Успех у публики имела только одна вещица – ‘Блэк энд уайт’ П.Потемкина.2. Как вспоминают очевидцы, публика, растекаясь после спектакля по фойе, раздраженно гудела. Кто-то окрестил ‘Лукоморье’ ‘Мухоморьем’ и шутка пошла гулять по залам Театрального клуба. Провал в ‘Лукоморье’ воспринимали очень болезненно. Самое непонятное заключалось в том, что ‘Кривое зеркало’ не располагало такими блестящими силами, как ‘Лукоморье’. В группу, возглавляемую А.Кугелем и З.Холмской, вошли малоизвестные литераторы и актеры, имена которых сегодня забыты. Кроме того, все сходились во мнении, что программа ‘Лукоморья’ была задумана гораздо интереснее, чем ‘кривозеркальная’. Но… живопись ‘мирискусников’, только недавно начавшая ут¬верждаться в театре, выглядела на подмостках кабаре устаревшей. Экспериментальные же приемы символистского театра и изысканнейшие стилизации народной площадной игры, слишком прямо перенесенные в театр-кабаре Мейерхольдом с большой сцены, неожиданно отдавали стародавней театральностью. А блеск, роскошь, богатство красок не могли стереть впечатления ‘зализанности’ постановки. Критики обвиняли режиссера в отсутствии настоящей вольности, вдохновения.
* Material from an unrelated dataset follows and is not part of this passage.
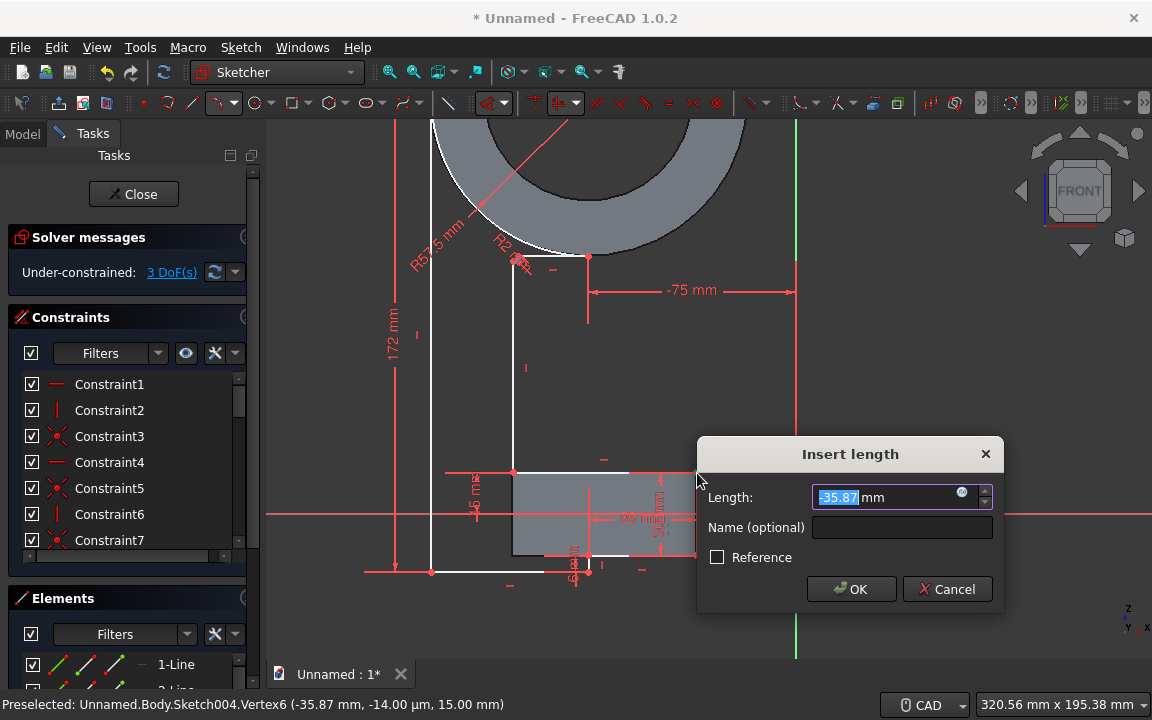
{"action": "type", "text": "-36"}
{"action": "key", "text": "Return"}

А все потому, что Мейерхольд подошел к постановкам в театрике нового жанра, вооруженный привычным театральным аппаратом, оказавшимся для кабаре слишком сложным и громоздким. Это, главным образом, и привело к неудаче. Впоследствии из группы Лукоморье возникло ‘Общество интимного театра’ с целью создания художественного балагана.
Из переписки Мейерхольда можно узнать, что режиссер скомпоновал программу из нескольких пародий, комических сценок, лирических номеров. (Мейерхольд 1968, 133). Спектакль начинался ‘Прологом’ Аверченко, представлявшего собой злую издевку над пустопорожними вступительными речами (во время выступления ‘унылого’ докладчика из зала раздавались ехидные выкрики ‘подсадки’ - актеров, которых Мейерхольд рассадил среди зрителей). Затем шла овеянная мистическим ужасом инсценировка (ее оформлял А.Бенуа) по рассказу Э.По ‘Последний  из  Уэшеров’. В старинном замке в безмолвии внезапно врываемом жутким воем бури, вершилась судьба последних отпрысков некогда могущественного   рода,  отмеченного проклятьем. Едва замирал последний  стон  драмы в миниатюре, как за сценой раздавались пронзительные вопли уличного Петрушки. Это начиналась  буффонада, написанная Потемкиным. 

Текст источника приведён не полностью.